● **Work order**: From the entries, copy every line that carries the string "average".
Given records: Begin
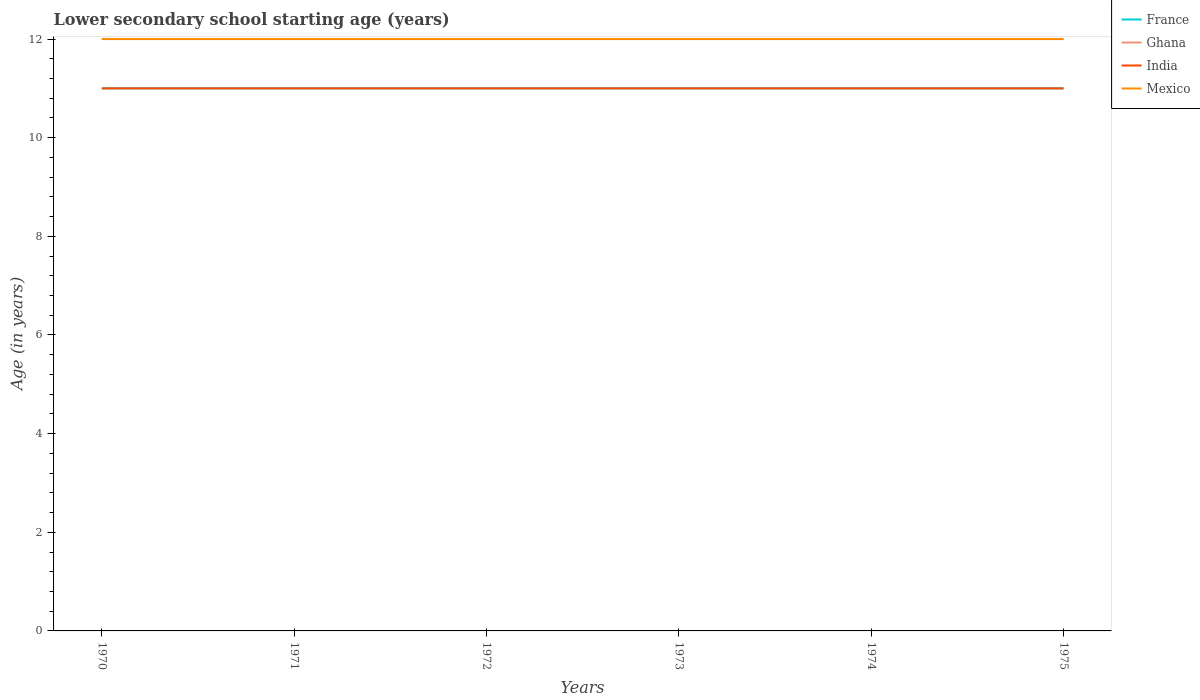How many different coloured lines are there?
Your answer should be very brief. 4. Across all years, what is the maximum lower secondary school starting age of children in Mexico?
Give a very brief answer. 12. In which year was the lower secondary school starting age of children in India maximum?
Give a very brief answer. 1970. How many lines are there?
Provide a short and direct response. 4. How many years are there in the graph?
Your answer should be compact. 6. What is the difference between two consecutive major ticks on the Y-axis?
Your response must be concise. 2. Are the values on the major ticks of Y-axis written in scientific E-notation?
Keep it short and to the point. No. Does the graph contain grids?
Your response must be concise. No. How are the legend labels stacked?
Your answer should be compact. Vertical. What is the title of the graph?
Keep it short and to the point. Lower secondary school starting age (years). What is the label or title of the Y-axis?
Ensure brevity in your answer.  Age (in years). What is the Age (in years) of Ghana in 1970?
Your answer should be very brief. 12. What is the Age (in years) in India in 1970?
Ensure brevity in your answer.  11. What is the Age (in years) of France in 1971?
Keep it short and to the point. 11. What is the Age (in years) of India in 1971?
Provide a succinct answer. 11. What is the Age (in years) of France in 1972?
Offer a terse response. 11. What is the Age (in years) of India in 1972?
Your response must be concise. 11. What is the Age (in years) in Mexico in 1972?
Offer a very short reply. 12. What is the Age (in years) in Ghana in 1973?
Your answer should be very brief. 12. What is the Age (in years) of India in 1973?
Your answer should be compact. 11. What is the Age (in years) in Mexico in 1973?
Make the answer very short. 12. What is the Age (in years) in France in 1974?
Your answer should be compact. 11. What is the Age (in years) of Ghana in 1974?
Offer a terse response. 12. What is the Age (in years) in France in 1975?
Provide a short and direct response. 11. What is the Age (in years) of Mexico in 1975?
Ensure brevity in your answer.  12. Across all years, what is the maximum Age (in years) in France?
Provide a short and direct response. 11. What is the total Age (in years) in India in the graph?
Give a very brief answer. 66. What is the total Age (in years) of Mexico in the graph?
Keep it short and to the point. 72. What is the difference between the Age (in years) in France in 1970 and that in 1972?
Make the answer very short. 0. What is the difference between the Age (in years) in Ghana in 1970 and that in 1973?
Your response must be concise. 0. What is the difference between the Age (in years) of India in 1970 and that in 1974?
Your answer should be very brief. 0. What is the difference between the Age (in years) in Ghana in 1970 and that in 1975?
Offer a very short reply. 0. What is the difference between the Age (in years) in Mexico in 1970 and that in 1975?
Make the answer very short. 0. What is the difference between the Age (in years) in France in 1971 and that in 1972?
Make the answer very short. 0. What is the difference between the Age (in years) of India in 1971 and that in 1972?
Provide a short and direct response. 0. What is the difference between the Age (in years) in Mexico in 1971 and that in 1972?
Keep it short and to the point. 0. What is the difference between the Age (in years) of Ghana in 1971 and that in 1973?
Your answer should be compact. 0. What is the difference between the Age (in years) of Ghana in 1971 and that in 1974?
Give a very brief answer. 0. What is the difference between the Age (in years) of Mexico in 1971 and that in 1974?
Give a very brief answer. 0. What is the difference between the Age (in years) of France in 1971 and that in 1975?
Offer a very short reply. 0. What is the difference between the Age (in years) in Ghana in 1971 and that in 1975?
Keep it short and to the point. 0. What is the difference between the Age (in years) in India in 1971 and that in 1975?
Offer a terse response. 0. What is the difference between the Age (in years) in Mexico in 1971 and that in 1975?
Your answer should be very brief. 0. What is the difference between the Age (in years) of Ghana in 1972 and that in 1973?
Provide a succinct answer. 0. What is the difference between the Age (in years) of India in 1972 and that in 1974?
Keep it short and to the point. 0. What is the difference between the Age (in years) of Mexico in 1972 and that in 1974?
Give a very brief answer. 0. What is the difference between the Age (in years) of France in 1972 and that in 1975?
Provide a succinct answer. 0. What is the difference between the Age (in years) of India in 1972 and that in 1975?
Your answer should be compact. 0. What is the difference between the Age (in years) in France in 1973 and that in 1974?
Keep it short and to the point. 0. What is the difference between the Age (in years) of Ghana in 1973 and that in 1974?
Make the answer very short. 0. What is the difference between the Age (in years) of India in 1973 and that in 1974?
Your answer should be compact. 0. What is the difference between the Age (in years) of India in 1973 and that in 1975?
Provide a succinct answer. 0. What is the difference between the Age (in years) in Ghana in 1974 and that in 1975?
Your answer should be very brief. 0. What is the difference between the Age (in years) of Ghana in 1970 and the Age (in years) of India in 1971?
Make the answer very short. 1. What is the difference between the Age (in years) in India in 1970 and the Age (in years) in Mexico in 1971?
Provide a succinct answer. -1. What is the difference between the Age (in years) of France in 1970 and the Age (in years) of Ghana in 1972?
Your answer should be very brief. -1. What is the difference between the Age (in years) in France in 1970 and the Age (in years) in India in 1972?
Provide a succinct answer. 0. What is the difference between the Age (in years) in France in 1970 and the Age (in years) in Mexico in 1972?
Provide a short and direct response. -1. What is the difference between the Age (in years) in Ghana in 1970 and the Age (in years) in India in 1972?
Your answer should be very brief. 1. What is the difference between the Age (in years) in France in 1970 and the Age (in years) in Ghana in 1973?
Your answer should be very brief. -1. What is the difference between the Age (in years) of Ghana in 1970 and the Age (in years) of India in 1973?
Offer a terse response. 1. What is the difference between the Age (in years) in India in 1970 and the Age (in years) in Mexico in 1973?
Your answer should be very brief. -1. What is the difference between the Age (in years) in France in 1970 and the Age (in years) in Ghana in 1974?
Keep it short and to the point. -1. What is the difference between the Age (in years) in France in 1970 and the Age (in years) in India in 1974?
Ensure brevity in your answer.  0. What is the difference between the Age (in years) of Ghana in 1970 and the Age (in years) of India in 1974?
Your answer should be very brief. 1. What is the difference between the Age (in years) of Ghana in 1970 and the Age (in years) of Mexico in 1974?
Your answer should be very brief. 0. What is the difference between the Age (in years) in India in 1970 and the Age (in years) in Mexico in 1974?
Offer a very short reply. -1. What is the difference between the Age (in years) of France in 1970 and the Age (in years) of Ghana in 1975?
Keep it short and to the point. -1. What is the difference between the Age (in years) of France in 1970 and the Age (in years) of India in 1975?
Give a very brief answer. 0. What is the difference between the Age (in years) of France in 1970 and the Age (in years) of Mexico in 1975?
Keep it short and to the point. -1. What is the difference between the Age (in years) of Ghana in 1970 and the Age (in years) of Mexico in 1975?
Provide a succinct answer. 0. What is the difference between the Age (in years) in India in 1970 and the Age (in years) in Mexico in 1975?
Give a very brief answer. -1. What is the difference between the Age (in years) of Ghana in 1971 and the Age (in years) of India in 1972?
Keep it short and to the point. 1. What is the difference between the Age (in years) of Ghana in 1971 and the Age (in years) of Mexico in 1972?
Provide a short and direct response. 0. What is the difference between the Age (in years) in India in 1971 and the Age (in years) in Mexico in 1972?
Make the answer very short. -1. What is the difference between the Age (in years) of France in 1971 and the Age (in years) of Ghana in 1973?
Offer a terse response. -1. What is the difference between the Age (in years) of Ghana in 1971 and the Age (in years) of India in 1973?
Your answer should be compact. 1. What is the difference between the Age (in years) in India in 1971 and the Age (in years) in Mexico in 1973?
Your response must be concise. -1. What is the difference between the Age (in years) of France in 1971 and the Age (in years) of Ghana in 1974?
Your response must be concise. -1. What is the difference between the Age (in years) in Ghana in 1971 and the Age (in years) in Mexico in 1974?
Your response must be concise. 0. What is the difference between the Age (in years) in India in 1971 and the Age (in years) in Mexico in 1974?
Offer a very short reply. -1. What is the difference between the Age (in years) of France in 1971 and the Age (in years) of India in 1975?
Ensure brevity in your answer.  0. What is the difference between the Age (in years) in Ghana in 1971 and the Age (in years) in Mexico in 1975?
Your answer should be compact. 0. What is the difference between the Age (in years) in India in 1971 and the Age (in years) in Mexico in 1975?
Provide a short and direct response. -1. What is the difference between the Age (in years) in France in 1972 and the Age (in years) in India in 1973?
Provide a succinct answer. 0. What is the difference between the Age (in years) in Ghana in 1972 and the Age (in years) in India in 1973?
Offer a very short reply. 1. What is the difference between the Age (in years) in Ghana in 1972 and the Age (in years) in Mexico in 1973?
Ensure brevity in your answer.  0. What is the difference between the Age (in years) in Ghana in 1972 and the Age (in years) in India in 1974?
Make the answer very short. 1. What is the difference between the Age (in years) of Ghana in 1972 and the Age (in years) of Mexico in 1974?
Provide a short and direct response. 0. What is the difference between the Age (in years) in France in 1972 and the Age (in years) in Mexico in 1975?
Make the answer very short. -1. What is the difference between the Age (in years) of France in 1973 and the Age (in years) of Ghana in 1974?
Offer a terse response. -1. What is the difference between the Age (in years) of France in 1973 and the Age (in years) of India in 1974?
Your response must be concise. 0. What is the difference between the Age (in years) in Ghana in 1973 and the Age (in years) in India in 1974?
Give a very brief answer. 1. What is the difference between the Age (in years) in India in 1973 and the Age (in years) in Mexico in 1974?
Make the answer very short. -1. What is the difference between the Age (in years) in France in 1974 and the Age (in years) in Mexico in 1975?
Your answer should be compact. -1. What is the difference between the Age (in years) in Ghana in 1974 and the Age (in years) in India in 1975?
Give a very brief answer. 1. What is the difference between the Age (in years) of India in 1974 and the Age (in years) of Mexico in 1975?
Ensure brevity in your answer.  -1. What is the average Age (in years) of India per year?
Your answer should be very brief. 11. What is the average Age (in years) of Mexico per year?
Give a very brief answer. 12. In the year 1970, what is the difference between the Age (in years) in France and Age (in years) in Ghana?
Offer a very short reply. -1. In the year 1970, what is the difference between the Age (in years) of France and Age (in years) of Mexico?
Offer a terse response. -1. In the year 1970, what is the difference between the Age (in years) in Ghana and Age (in years) in Mexico?
Offer a terse response. 0. In the year 1971, what is the difference between the Age (in years) in France and Age (in years) in India?
Keep it short and to the point. 0. In the year 1971, what is the difference between the Age (in years) of France and Age (in years) of Mexico?
Give a very brief answer. -1. In the year 1971, what is the difference between the Age (in years) in Ghana and Age (in years) in India?
Your response must be concise. 1. In the year 1971, what is the difference between the Age (in years) in Ghana and Age (in years) in Mexico?
Give a very brief answer. 0. In the year 1972, what is the difference between the Age (in years) of France and Age (in years) of India?
Your answer should be compact. 0. In the year 1972, what is the difference between the Age (in years) of France and Age (in years) of Mexico?
Keep it short and to the point. -1. In the year 1972, what is the difference between the Age (in years) in Ghana and Age (in years) in India?
Your response must be concise. 1. In the year 1972, what is the difference between the Age (in years) in Ghana and Age (in years) in Mexico?
Offer a terse response. 0. In the year 1972, what is the difference between the Age (in years) in India and Age (in years) in Mexico?
Make the answer very short. -1. In the year 1973, what is the difference between the Age (in years) in France and Age (in years) in India?
Ensure brevity in your answer.  0. In the year 1973, what is the difference between the Age (in years) of Ghana and Age (in years) of India?
Offer a terse response. 1. In the year 1973, what is the difference between the Age (in years) in Ghana and Age (in years) in Mexico?
Offer a terse response. 0. In the year 1974, what is the difference between the Age (in years) in France and Age (in years) in Ghana?
Provide a short and direct response. -1. In the year 1974, what is the difference between the Age (in years) in France and Age (in years) in India?
Ensure brevity in your answer.  0. In the year 1974, what is the difference between the Age (in years) in France and Age (in years) in Mexico?
Provide a short and direct response. -1. In the year 1974, what is the difference between the Age (in years) of India and Age (in years) of Mexico?
Ensure brevity in your answer.  -1. In the year 1975, what is the difference between the Age (in years) in France and Age (in years) in Mexico?
Your answer should be compact. -1. In the year 1975, what is the difference between the Age (in years) in Ghana and Age (in years) in India?
Your response must be concise. 1. In the year 1975, what is the difference between the Age (in years) in Ghana and Age (in years) in Mexico?
Your response must be concise. 0. What is the ratio of the Age (in years) in India in 1970 to that in 1971?
Keep it short and to the point. 1. What is the ratio of the Age (in years) of Mexico in 1970 to that in 1971?
Provide a short and direct response. 1. What is the ratio of the Age (in years) in India in 1970 to that in 1972?
Keep it short and to the point. 1. What is the ratio of the Age (in years) in France in 1970 to that in 1973?
Your answer should be very brief. 1. What is the ratio of the Age (in years) of India in 1970 to that in 1973?
Provide a short and direct response. 1. What is the ratio of the Age (in years) of Mexico in 1970 to that in 1973?
Keep it short and to the point. 1. What is the ratio of the Age (in years) of Ghana in 1970 to that in 1974?
Offer a very short reply. 1. What is the ratio of the Age (in years) of Mexico in 1970 to that in 1974?
Your answer should be very brief. 1. What is the ratio of the Age (in years) of India in 1970 to that in 1975?
Provide a succinct answer. 1. What is the ratio of the Age (in years) of Mexico in 1970 to that in 1975?
Your response must be concise. 1. What is the ratio of the Age (in years) in Ghana in 1971 to that in 1972?
Make the answer very short. 1. What is the ratio of the Age (in years) of Mexico in 1971 to that in 1972?
Offer a very short reply. 1. What is the ratio of the Age (in years) of India in 1971 to that in 1973?
Your response must be concise. 1. What is the ratio of the Age (in years) in Mexico in 1971 to that in 1973?
Offer a very short reply. 1. What is the ratio of the Age (in years) of France in 1971 to that in 1974?
Give a very brief answer. 1. What is the ratio of the Age (in years) in France in 1971 to that in 1975?
Give a very brief answer. 1. What is the ratio of the Age (in years) in Mexico in 1971 to that in 1975?
Ensure brevity in your answer.  1. What is the ratio of the Age (in years) of Mexico in 1972 to that in 1973?
Provide a short and direct response. 1. What is the ratio of the Age (in years) in Ghana in 1972 to that in 1974?
Ensure brevity in your answer.  1. What is the ratio of the Age (in years) in India in 1972 to that in 1974?
Offer a terse response. 1. What is the ratio of the Age (in years) in Mexico in 1972 to that in 1974?
Your response must be concise. 1. What is the ratio of the Age (in years) in India in 1973 to that in 1974?
Give a very brief answer. 1. What is the ratio of the Age (in years) in France in 1973 to that in 1975?
Provide a short and direct response. 1. What is the ratio of the Age (in years) of Ghana in 1973 to that in 1975?
Your answer should be compact. 1. What is the ratio of the Age (in years) in India in 1973 to that in 1975?
Provide a succinct answer. 1. What is the ratio of the Age (in years) of Mexico in 1973 to that in 1975?
Provide a succinct answer. 1. What is the ratio of the Age (in years) of India in 1974 to that in 1975?
Your answer should be compact. 1. What is the difference between the highest and the second highest Age (in years) in Mexico?
Your answer should be compact. 0. What is the difference between the highest and the lowest Age (in years) in France?
Offer a terse response. 0. What is the difference between the highest and the lowest Age (in years) of Ghana?
Give a very brief answer. 0. What is the difference between the highest and the lowest Age (in years) in India?
Your answer should be compact. 0. What is the difference between the highest and the lowest Age (in years) of Mexico?
Offer a terse response. 0.
Given records: End
● **Result below**:
Ensure brevity in your answer.  -1. What is the average Age (in years) of India per year?
Your answer should be very brief. 11. What is the average Age (in years) of Mexico per year?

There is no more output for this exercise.